Sunderland mental health service expands to cope with Covid

Nicola Pallas of North Star Counselling CIC

A Sunderland counselling service with a mission to improve the mental health of its local community has expanded to reach more people reeling from the impact of the pandemic.

After working with specialists from the North East Business and Innovation Centre (BIC), Creative Minds – run by North Star Counselling CIC – has secured a total of £55,000 of grant funding targeted at helping the recovery of Covid-stricken communities.

The money – from sources including the National Lottery, Barbour Foundation, Hadrian Foundation, Postcode Lottery, Clothworkers’ Foundation and the Government – has allowed Creative Minds to grow its team to 11 counsellors. They are now delivering wide ranging, free support to children, adults and families struggling with issues including grief, anxiety, domestic abuse and suicide prevention.

Creative Minds was the first business to be born from the city’s Prospecting for Enterprise Initiative in 2019, a programme which aims to encourage start-ups in the west area of the city. The business was set up as a social enterprise by North Star Counselling Founder Nicola Pallas and fellow directors as a way to extend the services offered by their existing counselling business to those who otherwise could not afford to pay for private sessions.

Nicola said: “Our original motivation to set up Creative Minds as a social enterprise was to create a way to reach out to those who are in crisis and this has worked incredibly well when it came to responding to the pandemic.

“We’d not have been able to support our community in the same way if we’d not already put in the ground work with the BIC that allowed us to access funding for new services. They’ve been with us every step of the way from setting up our payroll to writing funding bids.”

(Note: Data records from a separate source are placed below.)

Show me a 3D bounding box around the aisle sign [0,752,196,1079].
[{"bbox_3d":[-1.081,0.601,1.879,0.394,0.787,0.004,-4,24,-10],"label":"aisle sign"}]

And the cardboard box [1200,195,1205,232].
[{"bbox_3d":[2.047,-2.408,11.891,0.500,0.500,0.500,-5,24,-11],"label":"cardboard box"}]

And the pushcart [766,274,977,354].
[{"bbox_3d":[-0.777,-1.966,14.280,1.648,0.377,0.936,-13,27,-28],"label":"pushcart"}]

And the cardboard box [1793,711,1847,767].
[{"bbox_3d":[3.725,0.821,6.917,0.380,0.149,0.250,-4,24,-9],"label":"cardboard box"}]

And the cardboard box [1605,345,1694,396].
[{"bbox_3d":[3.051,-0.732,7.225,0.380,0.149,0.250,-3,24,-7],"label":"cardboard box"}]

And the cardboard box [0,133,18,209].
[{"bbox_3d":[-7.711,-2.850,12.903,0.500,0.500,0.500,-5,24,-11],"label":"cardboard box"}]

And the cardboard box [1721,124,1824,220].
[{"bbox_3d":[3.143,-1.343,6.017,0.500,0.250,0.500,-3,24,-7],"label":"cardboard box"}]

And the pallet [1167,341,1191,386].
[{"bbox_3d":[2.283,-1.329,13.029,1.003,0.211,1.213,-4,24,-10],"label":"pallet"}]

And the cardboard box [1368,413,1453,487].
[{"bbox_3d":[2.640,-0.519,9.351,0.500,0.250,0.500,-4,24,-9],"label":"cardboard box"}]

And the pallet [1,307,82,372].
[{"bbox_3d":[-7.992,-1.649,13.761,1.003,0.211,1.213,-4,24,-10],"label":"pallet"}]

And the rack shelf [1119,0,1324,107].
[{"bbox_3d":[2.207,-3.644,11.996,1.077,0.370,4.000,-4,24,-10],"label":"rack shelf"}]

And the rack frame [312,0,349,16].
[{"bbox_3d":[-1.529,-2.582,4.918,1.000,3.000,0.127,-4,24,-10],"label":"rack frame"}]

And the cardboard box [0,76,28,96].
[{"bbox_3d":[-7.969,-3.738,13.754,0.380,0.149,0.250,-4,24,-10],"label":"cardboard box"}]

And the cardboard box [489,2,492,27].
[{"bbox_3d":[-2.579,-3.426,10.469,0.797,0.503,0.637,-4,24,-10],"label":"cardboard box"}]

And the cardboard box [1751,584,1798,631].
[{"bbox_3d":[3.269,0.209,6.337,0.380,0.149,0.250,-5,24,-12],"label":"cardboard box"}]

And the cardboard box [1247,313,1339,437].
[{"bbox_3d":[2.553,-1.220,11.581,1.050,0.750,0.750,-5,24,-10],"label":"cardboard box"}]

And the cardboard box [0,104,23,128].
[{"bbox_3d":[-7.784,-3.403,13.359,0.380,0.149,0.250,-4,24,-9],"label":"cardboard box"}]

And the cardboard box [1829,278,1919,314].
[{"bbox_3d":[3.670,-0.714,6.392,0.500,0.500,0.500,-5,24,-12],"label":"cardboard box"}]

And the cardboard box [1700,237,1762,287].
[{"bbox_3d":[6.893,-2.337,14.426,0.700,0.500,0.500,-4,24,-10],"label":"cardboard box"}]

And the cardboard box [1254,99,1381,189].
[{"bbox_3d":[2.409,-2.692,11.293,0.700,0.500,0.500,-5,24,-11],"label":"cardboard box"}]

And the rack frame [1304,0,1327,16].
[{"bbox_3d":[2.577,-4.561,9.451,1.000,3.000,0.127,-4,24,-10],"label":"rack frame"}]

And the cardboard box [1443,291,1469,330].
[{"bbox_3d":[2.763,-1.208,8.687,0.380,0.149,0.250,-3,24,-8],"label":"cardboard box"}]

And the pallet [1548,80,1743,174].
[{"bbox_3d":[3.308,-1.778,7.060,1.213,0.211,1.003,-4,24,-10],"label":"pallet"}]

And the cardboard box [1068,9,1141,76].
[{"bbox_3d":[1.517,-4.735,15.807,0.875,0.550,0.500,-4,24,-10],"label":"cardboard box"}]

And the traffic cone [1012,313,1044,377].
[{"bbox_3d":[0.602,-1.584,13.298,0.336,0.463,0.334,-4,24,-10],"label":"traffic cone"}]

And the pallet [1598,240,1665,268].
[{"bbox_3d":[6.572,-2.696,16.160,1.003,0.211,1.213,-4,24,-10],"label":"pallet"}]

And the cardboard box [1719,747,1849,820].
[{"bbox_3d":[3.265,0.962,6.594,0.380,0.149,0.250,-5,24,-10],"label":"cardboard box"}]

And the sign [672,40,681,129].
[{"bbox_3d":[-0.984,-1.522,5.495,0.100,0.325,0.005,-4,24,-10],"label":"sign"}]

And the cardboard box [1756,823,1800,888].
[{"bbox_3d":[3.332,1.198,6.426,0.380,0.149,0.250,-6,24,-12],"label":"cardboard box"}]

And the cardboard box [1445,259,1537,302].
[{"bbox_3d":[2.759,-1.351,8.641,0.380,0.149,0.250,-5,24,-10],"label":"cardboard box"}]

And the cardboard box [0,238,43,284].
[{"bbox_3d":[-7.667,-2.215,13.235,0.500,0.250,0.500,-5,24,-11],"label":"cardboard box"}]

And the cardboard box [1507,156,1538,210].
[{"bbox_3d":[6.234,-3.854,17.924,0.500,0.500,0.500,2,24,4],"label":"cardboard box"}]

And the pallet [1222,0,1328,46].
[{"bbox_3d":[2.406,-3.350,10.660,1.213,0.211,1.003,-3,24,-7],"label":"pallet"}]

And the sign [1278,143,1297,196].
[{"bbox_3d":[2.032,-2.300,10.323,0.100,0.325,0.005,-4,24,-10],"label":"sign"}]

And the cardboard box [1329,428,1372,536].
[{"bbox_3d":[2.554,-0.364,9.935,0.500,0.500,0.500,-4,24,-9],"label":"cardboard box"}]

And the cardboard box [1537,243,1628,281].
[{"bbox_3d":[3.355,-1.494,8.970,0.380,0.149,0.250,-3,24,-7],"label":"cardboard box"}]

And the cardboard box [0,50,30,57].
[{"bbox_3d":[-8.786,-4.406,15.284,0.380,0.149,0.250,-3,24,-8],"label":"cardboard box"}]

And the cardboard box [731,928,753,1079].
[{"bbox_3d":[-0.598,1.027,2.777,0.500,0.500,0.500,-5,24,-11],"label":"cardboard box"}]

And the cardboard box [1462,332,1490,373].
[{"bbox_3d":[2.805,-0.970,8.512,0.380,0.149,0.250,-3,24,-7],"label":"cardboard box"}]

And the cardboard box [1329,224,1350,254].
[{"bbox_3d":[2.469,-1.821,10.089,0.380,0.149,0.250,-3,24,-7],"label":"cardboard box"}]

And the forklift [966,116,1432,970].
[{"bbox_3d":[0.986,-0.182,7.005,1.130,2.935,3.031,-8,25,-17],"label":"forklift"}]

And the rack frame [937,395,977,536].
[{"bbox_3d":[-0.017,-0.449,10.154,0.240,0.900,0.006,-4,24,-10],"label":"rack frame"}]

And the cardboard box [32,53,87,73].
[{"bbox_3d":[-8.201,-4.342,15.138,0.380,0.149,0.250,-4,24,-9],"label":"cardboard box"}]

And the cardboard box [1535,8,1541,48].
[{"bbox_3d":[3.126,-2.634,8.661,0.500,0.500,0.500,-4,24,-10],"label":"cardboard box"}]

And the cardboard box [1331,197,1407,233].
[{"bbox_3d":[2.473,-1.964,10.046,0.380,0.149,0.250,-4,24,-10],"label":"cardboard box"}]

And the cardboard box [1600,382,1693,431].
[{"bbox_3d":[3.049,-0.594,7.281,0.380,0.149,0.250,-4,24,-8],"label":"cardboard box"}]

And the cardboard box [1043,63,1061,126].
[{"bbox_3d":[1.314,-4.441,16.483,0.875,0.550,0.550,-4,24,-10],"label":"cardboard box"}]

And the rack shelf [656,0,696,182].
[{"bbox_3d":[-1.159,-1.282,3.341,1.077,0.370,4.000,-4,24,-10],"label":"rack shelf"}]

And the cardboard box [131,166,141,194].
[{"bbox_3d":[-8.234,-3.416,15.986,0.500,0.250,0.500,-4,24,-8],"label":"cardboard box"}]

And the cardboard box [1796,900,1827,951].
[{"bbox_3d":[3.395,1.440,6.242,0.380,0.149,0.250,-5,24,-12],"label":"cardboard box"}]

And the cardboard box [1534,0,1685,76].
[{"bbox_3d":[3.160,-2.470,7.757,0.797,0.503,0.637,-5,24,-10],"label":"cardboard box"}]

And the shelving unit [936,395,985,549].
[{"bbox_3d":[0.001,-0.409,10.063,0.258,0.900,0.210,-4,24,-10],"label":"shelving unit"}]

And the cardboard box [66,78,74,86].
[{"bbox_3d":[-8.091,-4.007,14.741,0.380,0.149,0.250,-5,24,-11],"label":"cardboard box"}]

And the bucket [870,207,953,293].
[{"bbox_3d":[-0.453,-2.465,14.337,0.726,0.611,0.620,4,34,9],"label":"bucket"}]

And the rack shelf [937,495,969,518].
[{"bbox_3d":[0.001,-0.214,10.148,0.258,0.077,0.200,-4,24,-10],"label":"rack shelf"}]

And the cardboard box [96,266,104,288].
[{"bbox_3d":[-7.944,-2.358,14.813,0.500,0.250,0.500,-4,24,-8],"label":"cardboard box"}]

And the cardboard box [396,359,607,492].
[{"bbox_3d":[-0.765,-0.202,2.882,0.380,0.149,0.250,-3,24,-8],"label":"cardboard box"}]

Grants secured have allowed the counselling team to adapt the way it works to provide free online and telephone counselling sessions and workshops, as well as a range of programmes specifically focused on suicide prevention, grief and the mental health of young people.

Nicola said: “Covid is having a devastating impact of the mental health of people of all ages in our society. Isolation has heightened pre-existing struggles and has created new crisis points in children and adults alike.

“I feel incredibly proud of our team and what we are managing to do to bring some relief to those who are struggling. But it’s been a two-way process because our clients have helped us to get through these strange times too. We feel so connected to the community – there is so much community spirit out there.”

Creative Minds now aims to make more links with other partner organsations and charities to support their clients with mental health needs. Its core mission is to support families, children and adults who face lengthy waits for therapies – providing vital support in the meantime.

Kevin Marquis, Social Enterprise Manager at the BIC, said: “Creative Minds is a fantastic example of an ambitious social enterprise that is rising to the challenge of Covid-19 to help its community. It’s also a great example of how Prospecting for Enterprise is bringing about positive change to the people of Sunderland.”

The Prospecting for Enterprise Initiative delivered by the BIC, aims to reach as many people as possible who live in the Pallion, St Anne’s, Barnes, Silksworth, St. Chad’s and Sandhill areas and who have an idea to start up a business or want to explore self-employment. Advisers are also helping to strengthen voluntary organisations and support social entrepreneurs who want to do good in the neighbourhood.

Backed by Sunderland’s Community Led Local Development (CLLD) Programme, and the West Area Committee the programme will run until December 2021. The CLLD Programme is a five-year strategy aimed at delivering local jobs and economic growth, supported with funding from the 2014-2020 European Structural and Investment Funds Growth Programme.